## TASK DESCRIPTION:
Show every line from the entries that follow which holds the word "pitch".

## THE DATA:
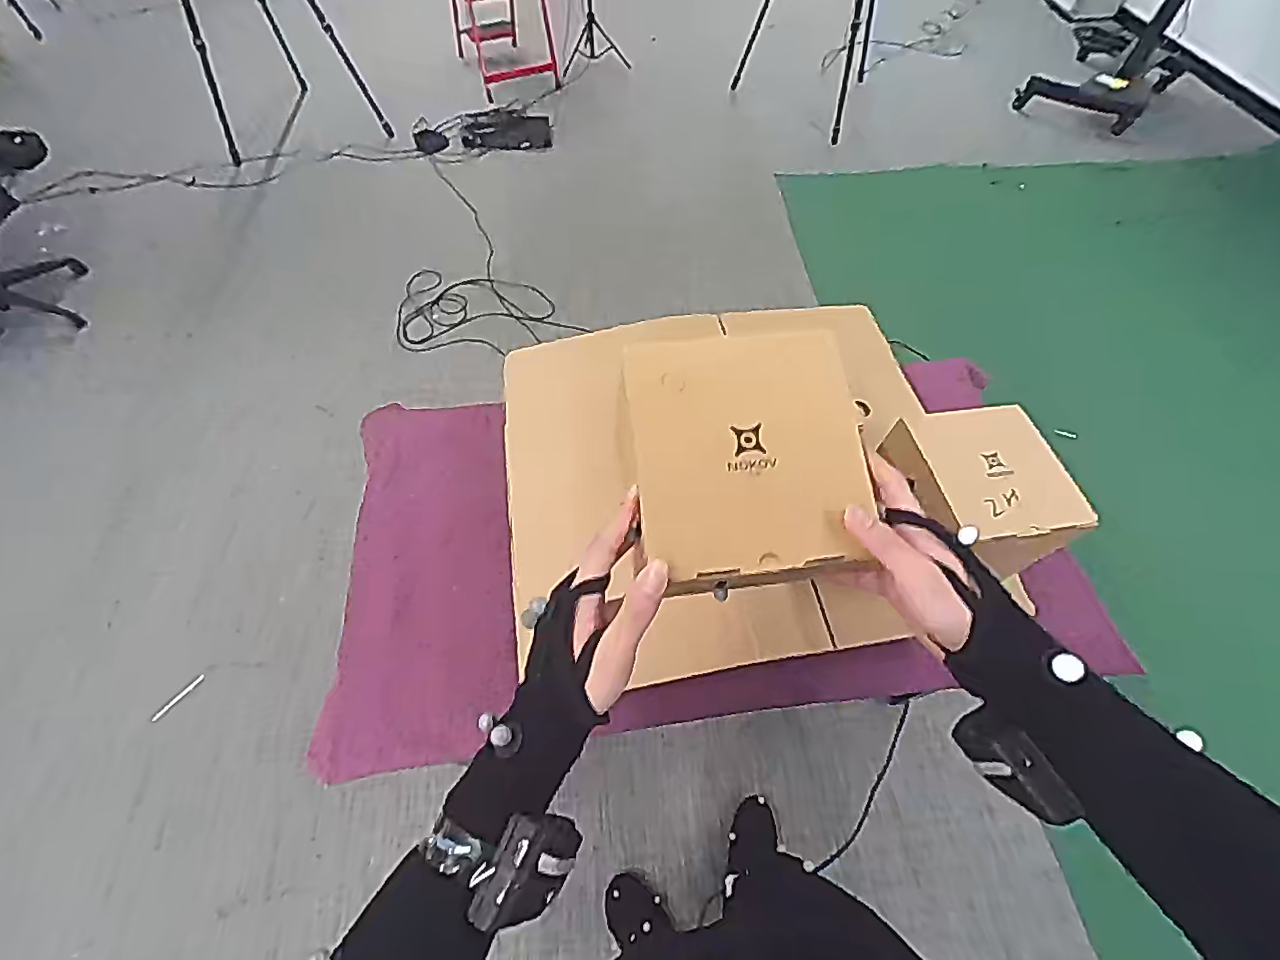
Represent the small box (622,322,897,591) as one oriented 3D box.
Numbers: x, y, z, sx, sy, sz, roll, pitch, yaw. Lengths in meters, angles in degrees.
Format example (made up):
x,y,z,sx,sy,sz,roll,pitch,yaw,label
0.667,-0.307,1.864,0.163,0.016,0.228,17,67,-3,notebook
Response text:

## RESULT:
Numbers: x, y, z, sx, sy, sz, roll, pitch, yaw. Lengths in meters, angles in degrees.
x,y,z,sx,sy,sz,roll,pitch,yaw,label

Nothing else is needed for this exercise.